2019年9月27日
阪大の岸本先生のグループによってIL-6に対する抗体は、免疫病の重要な薬剤として開発されたが、IL6のシグナルがどう伝わるのかについての研究は大変な研究で、岸本先生らによって明らかになった受容体の構造は分泌型の受容体と結合してから膜上のgp130に結合するという極めて複雑なものだった。
その後同じgp130をシグナルに使うLIFやCTNFのシグナル伝達が明らかになると、この系はさらに複雑な系であることがわかった。
一方臨床応用については、IL6抗体のほかに、食欲を抑えて肥満や糖尿病を治すことがわかっていたCTNFの利用の可能性も追及され、実際第3相試験まで進んだが、これに対する抗体ができることから開発は中断された。
今日紹介するオーストラリア モナーシュ大学からの論文はこのCTNF を用いた糖尿病治療というアイデアを、IL6の一部をLIFの一部で置き換えることで実現できることを示した画期的な論文で9月25日号のNatureに掲載された。
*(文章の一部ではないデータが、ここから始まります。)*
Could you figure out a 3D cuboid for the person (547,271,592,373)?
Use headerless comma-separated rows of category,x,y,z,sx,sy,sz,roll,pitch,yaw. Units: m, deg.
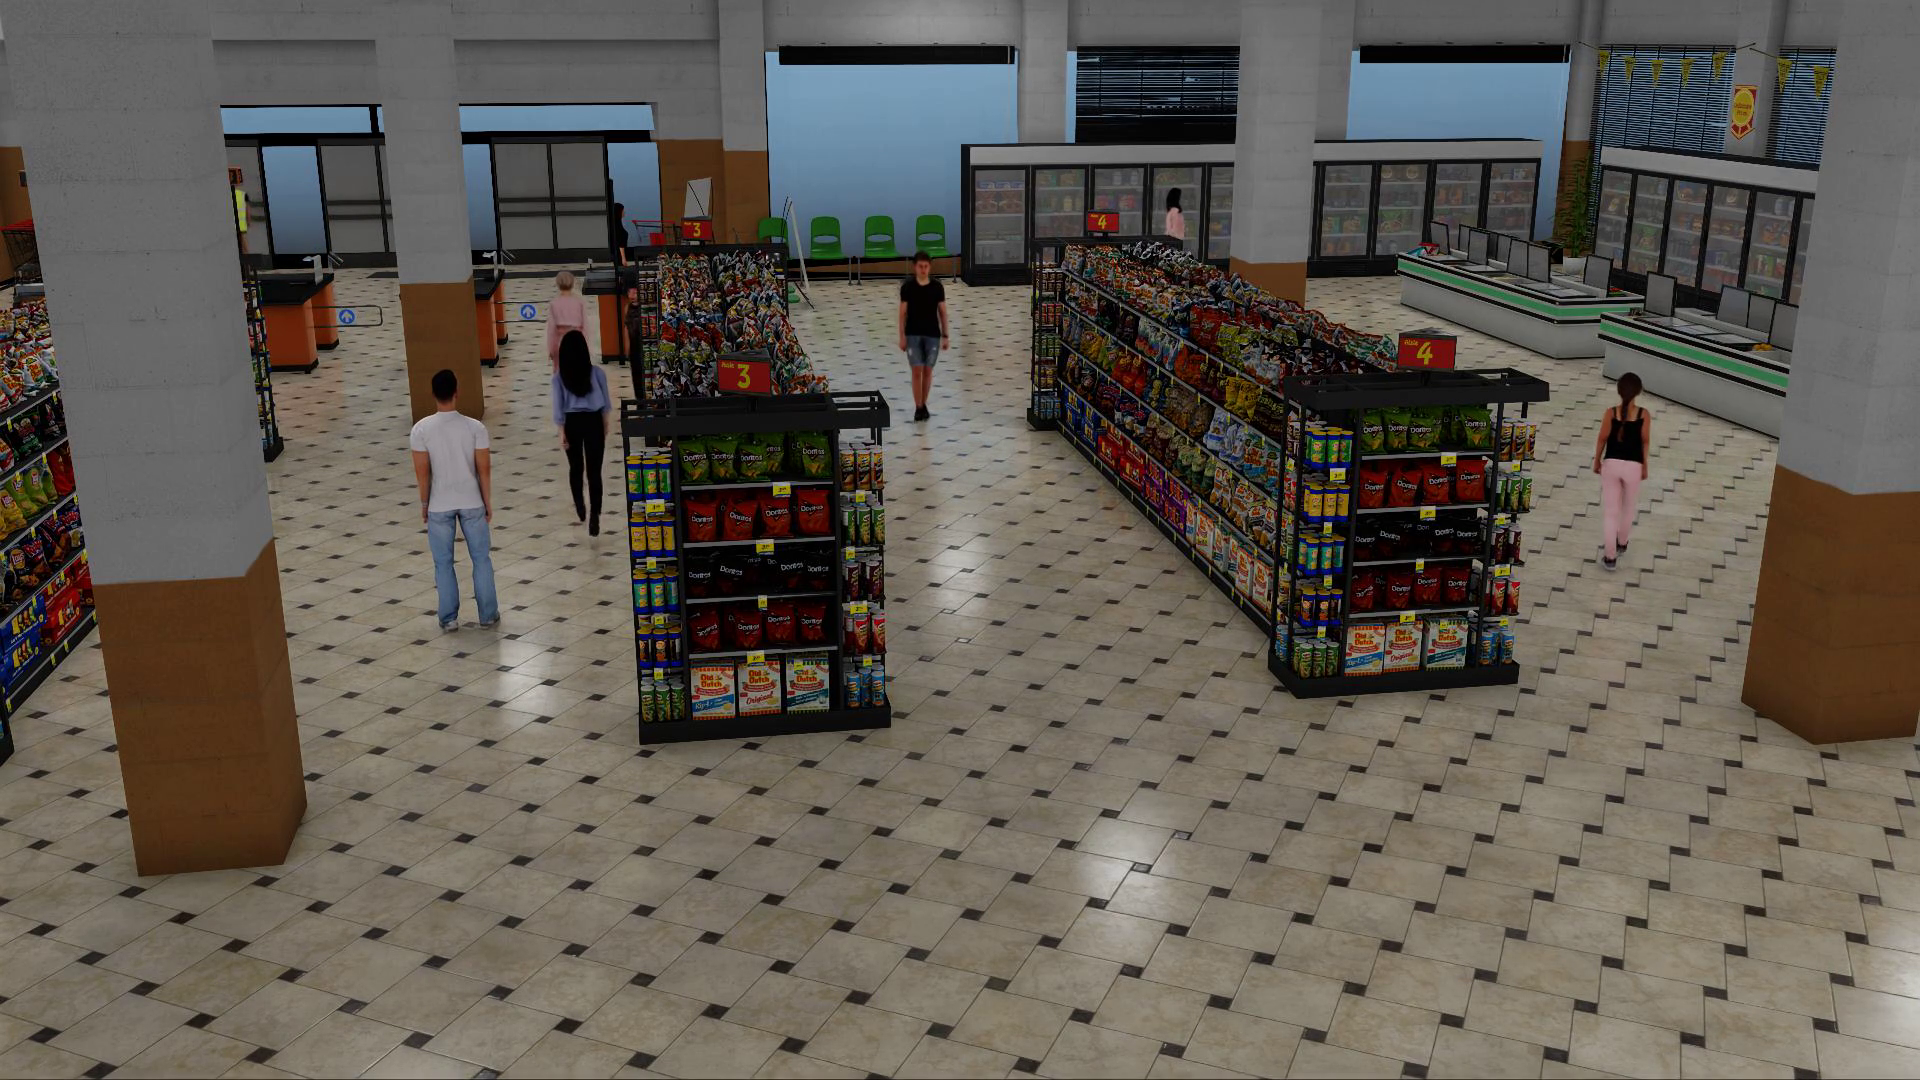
person,-4.150,-2.011,17.725,0.630,1.683,0.659,-5,18,-16

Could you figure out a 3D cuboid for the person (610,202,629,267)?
person,-5.224,-4.331,25.435,0.685,1.642,0.510,-7,18,-22

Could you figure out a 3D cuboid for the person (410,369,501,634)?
person,-3.545,-0.271,11.682,0.694,1.864,0.580,-5,18,-16

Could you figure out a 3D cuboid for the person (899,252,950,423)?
person,-0.418,-2.240,18.221,0.678,1.833,0.848,-3,17,-11

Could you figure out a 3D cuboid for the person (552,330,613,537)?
person,-3.120,-0.841,13.843,0.708,1.700,1.172,-5,18,-15

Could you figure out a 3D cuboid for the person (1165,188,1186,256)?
person,3.321,-4.717,26.528,0.783,1.746,1.028,-1,17,-3

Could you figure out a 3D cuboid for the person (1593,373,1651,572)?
person,5.201,-0.515,13.046,0.763,1.539,0.970,4,17,13

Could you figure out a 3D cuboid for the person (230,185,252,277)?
person,-12.422,-5.370,28.525,0.875,1.835,0.912,-15,23,-41

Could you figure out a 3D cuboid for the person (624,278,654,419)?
person,-3.383,-2.047,18.010,0.738,1.586,0.797,11,20,31

タイトルは「Treatment of type 2 diabetes with the designer cytokine IC7Fc (デザインされたサイトカインIC7Fcを用いて2型糖尿病を治療する)だ。
この研究ではIL6の2箇所あるgp130結合部位をLIFと置き換え、gp130,
分泌型IL-6R、そしてLIFRに結合するという自然には存在しないサイトカインをデザインし、これに免疫グロブリンのFc部分を結合させて安定化させ、著者らがIC7Fcと名付けた人工サイトカインを作っている。
もちろん自然にないシグナル伝達の仕方をするサイトカインなので、その効果を調べるためマウスに注射すると、最もはっきりした効果が、過食により誘導される肥満を抑える効果であることがわかった。そして、この効果がCTNFと同じように食欲を抑えることで起こることを示している。
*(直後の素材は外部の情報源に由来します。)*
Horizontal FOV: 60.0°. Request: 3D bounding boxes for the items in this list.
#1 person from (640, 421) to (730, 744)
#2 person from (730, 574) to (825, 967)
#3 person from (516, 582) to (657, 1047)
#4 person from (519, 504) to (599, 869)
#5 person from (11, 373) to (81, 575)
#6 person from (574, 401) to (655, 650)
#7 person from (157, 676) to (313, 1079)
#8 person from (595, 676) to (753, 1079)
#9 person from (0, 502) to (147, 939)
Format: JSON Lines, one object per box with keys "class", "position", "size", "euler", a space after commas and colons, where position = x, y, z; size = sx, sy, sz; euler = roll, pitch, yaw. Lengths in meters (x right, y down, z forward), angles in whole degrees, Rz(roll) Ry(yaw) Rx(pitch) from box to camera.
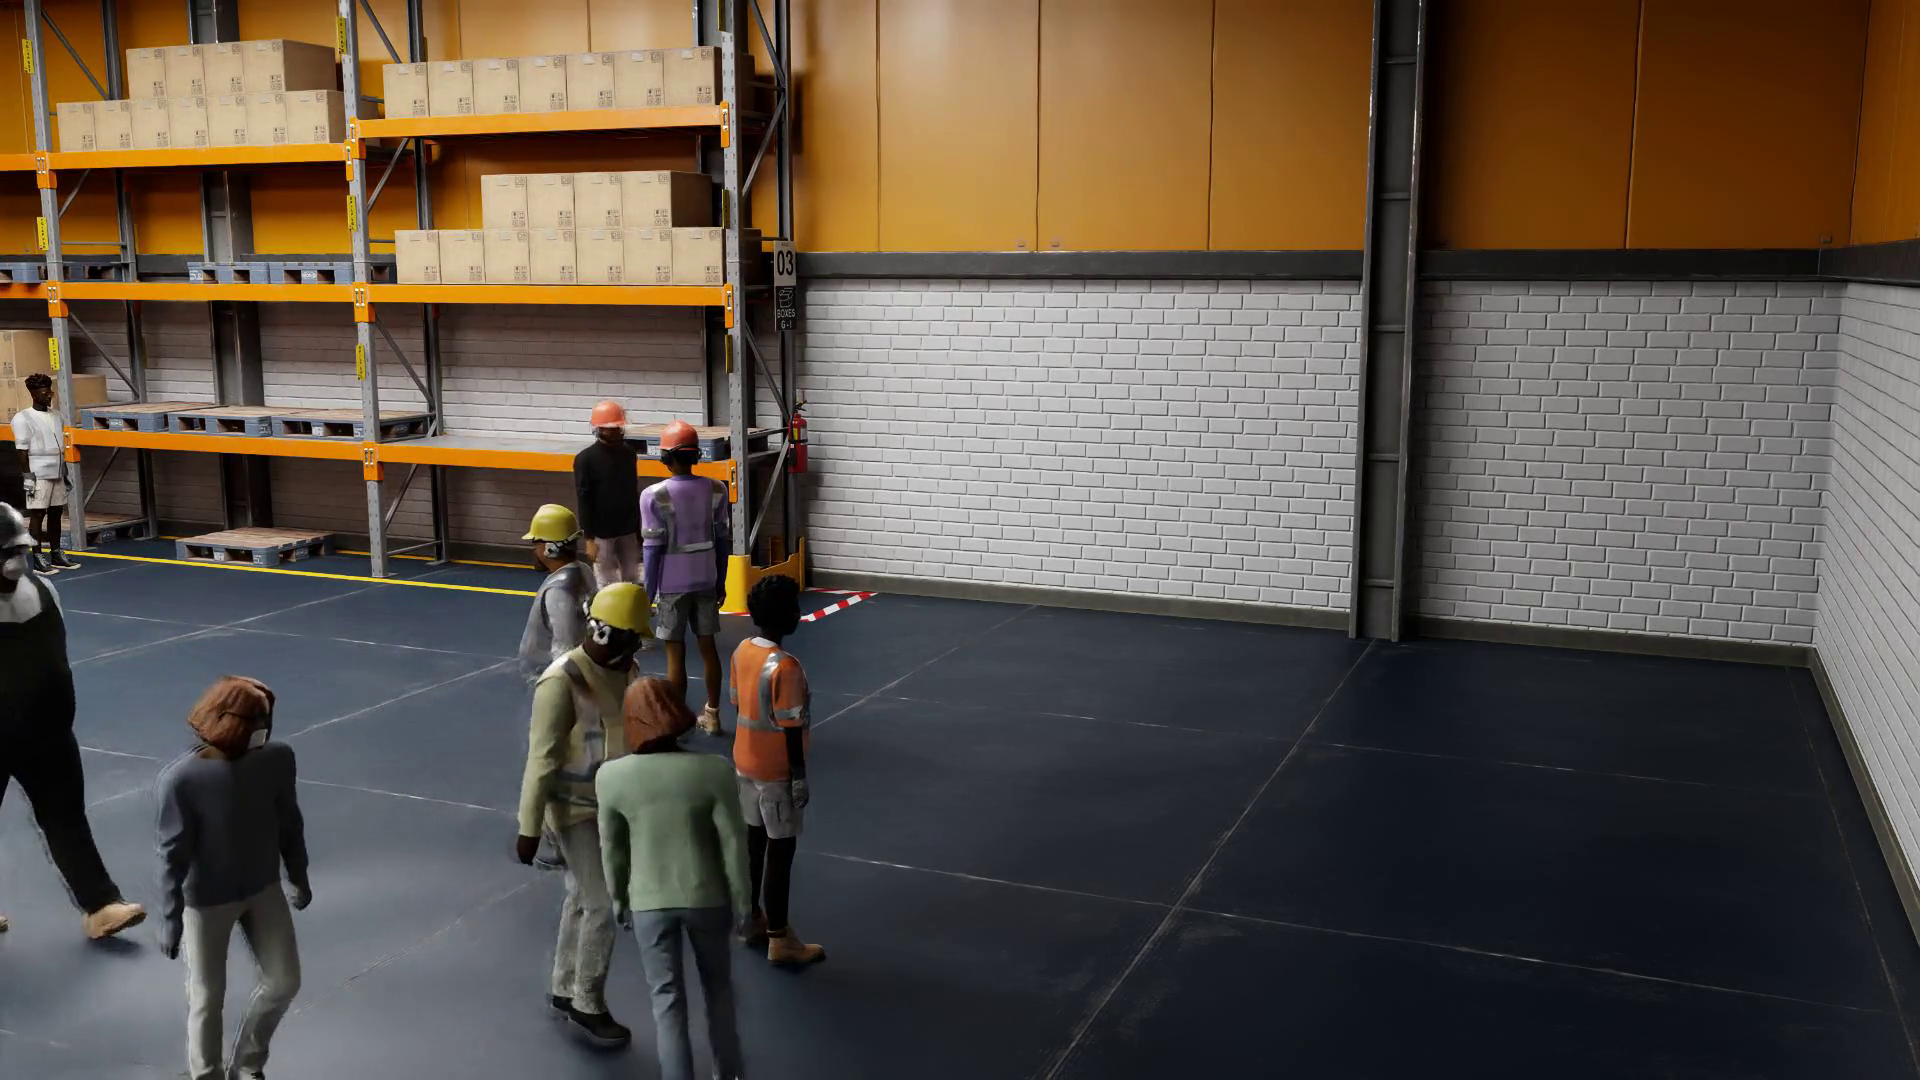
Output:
{"class": "person", "position": [-1.747, 0.267, 10.518], "size": [0.607, 2.044, 0.372], "euler": [-7, 12, -38]}
{"class": "person", "position": [-0.804, 0.984, 7.212], "size": [0.316, 1.698, 0.542], "euler": [-6, 11, -32]}
{"class": "person", "position": [-1.398, 1.059, 6.494], "size": [0.611, 1.784, 0.663], "euler": [4, 10, 21]}
{"class": "person", "position": [-1.998, 0.728, 8.357], "size": [0.404, 1.830, 0.603], "euler": [-1, 9, -3]}
{"class": "person", "position": [-8.968, -0.652, 16.321], "size": [0.367, 1.965, 0.607], "euler": [2, 10, 10]}
{"class": "person", "position": [-2.669, -0.073, 12.810], "size": [0.381, 1.982, 0.668], "euler": [7, 12, 36]}
{"class": "person", "position": [-2.517, 1.257, 5.792], "size": [0.397, 1.615, 0.574], "euler": [8, 12, 40]}
{"class": "person", "position": [-0.987, 1.265, 5.782], "size": [0.531, 1.604, 0.521], "euler": [-1, 9, -5]}
{"class": "person", "position": [-4.161, 0.795, 7.324], "size": [1.040, 2.000, 0.701], "euler": [4, 10, 23]}

ところが食べないと筋肉量も低下するのだが、このサイトカインはYapタンパク質の発現を高めて、筋肉量を維持することができる。しかも、Yapが上昇すると困る肝臓では、なんとYapの発現を抑え、健康に良い方向だけに効果を示す。
良いことはさらに続く。なんとインクレチン経路や他の経路を介して膵臓β細胞のインシュリン分泌を高め、同時にグルカゴン分泌も刺激することで、低血糖発作を防ぐ。そしてグルコース耐性を改善することで、基本的に2型糖尿病治療薬として働く。他にもメカニズムは完全に明確ではないが、骨密度を高めることから、骨粗鬆症にまで効果があることを示している。
最後にFC7Fc遺伝子を導入したトランスジェニックマウスを作成し、この分子が作り続けられてもマウスの生存に影響がないこと、また肥満が防げることを示した上で、最後に猿に投与して副作用がないことを確認している。すなわち、IL6で見られる炎症誘発効果はない。
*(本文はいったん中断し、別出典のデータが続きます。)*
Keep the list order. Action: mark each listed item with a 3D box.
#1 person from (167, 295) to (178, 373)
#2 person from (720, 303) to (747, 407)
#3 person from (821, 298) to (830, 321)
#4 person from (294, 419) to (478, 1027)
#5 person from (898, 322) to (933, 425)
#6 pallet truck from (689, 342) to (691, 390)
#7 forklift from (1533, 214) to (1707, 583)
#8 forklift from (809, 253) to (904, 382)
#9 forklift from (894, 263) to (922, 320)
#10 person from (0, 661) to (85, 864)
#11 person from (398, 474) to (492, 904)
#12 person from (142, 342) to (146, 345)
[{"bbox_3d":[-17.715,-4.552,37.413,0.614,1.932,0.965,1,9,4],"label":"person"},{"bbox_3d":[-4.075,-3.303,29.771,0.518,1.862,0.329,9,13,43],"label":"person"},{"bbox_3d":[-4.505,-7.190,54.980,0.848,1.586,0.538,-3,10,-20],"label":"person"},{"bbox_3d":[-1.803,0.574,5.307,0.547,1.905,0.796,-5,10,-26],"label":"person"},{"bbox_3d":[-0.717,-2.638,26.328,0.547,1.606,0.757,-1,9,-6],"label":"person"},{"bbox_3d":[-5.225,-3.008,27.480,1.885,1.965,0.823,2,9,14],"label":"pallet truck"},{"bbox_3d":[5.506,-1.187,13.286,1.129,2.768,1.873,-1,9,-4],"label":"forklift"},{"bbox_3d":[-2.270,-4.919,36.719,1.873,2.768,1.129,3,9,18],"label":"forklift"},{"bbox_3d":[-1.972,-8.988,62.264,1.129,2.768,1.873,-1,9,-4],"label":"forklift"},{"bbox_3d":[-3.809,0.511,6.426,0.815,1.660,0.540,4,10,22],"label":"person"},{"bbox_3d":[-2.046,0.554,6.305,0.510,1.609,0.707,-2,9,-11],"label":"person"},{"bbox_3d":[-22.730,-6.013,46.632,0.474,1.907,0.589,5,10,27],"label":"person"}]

ちょっと信じがたいほど、それぞれのサイトカインのいいところを集めることに成功したという結果だが、自然を少し変えて、自然にはない効果をデザインできることを示した、面白い論文だと思う。しかし臨床応用が実現した暁には、どのような値段になるのだろうか。片方にはメトフォルミンという安価な特効薬が控えている。
2019年9月26日
小児のアトピー対策がこの数年で大きく変化した。皮膚からの抗原侵入を防ぎ、腸からの抗原により免疫抑制システムを育てるという考え方に変化した。この原因は、アトピー予防にとっての幼児期の皮膚のバリアーの影響がよくわかったことと、腸内での細菌叢の免疫や炎症制御への重要性がわかってきたことが大きい。そして、新生児期の腸内細菌叢の発達について多くの研究が行われ、このブログでも紹介してきた。
今日紹介する英国サンガー研究所からの論文は経膣分娩と、帝王切開による分娩で生まれた子供の腸内細菌叢の発達を調べた論文で、その臨床的重要性で9月18日Natureオンライン版に掲載された。タイトルは「Stunted microbiota and opportunistic pathogen colonization in
caesarean-section birth (帝王切開分娩児に見られる機能不全の腸内細菌叢と日和見病原菌の定着)」だ。
もちろんこれまでも帝王切開分娩児の腸内細菌叢を調べた研究はかず多く存在した。そして、経膣分娩児と比べると、腸内細菌叢の多様性の欠如や、一部の細菌種の欠損は報告されていた。
ただこの研究は314例の経膣分娩児と282例の帝王切開分娩児の腸内細菌叢を長期間にわたって観察することにより、十分統計的解析が可能なデータを集めた点が最も重要だ。そして何よりも、これまでの研究と比べても、帝王切開分娩の驚くべき影響を浮き彫りにした。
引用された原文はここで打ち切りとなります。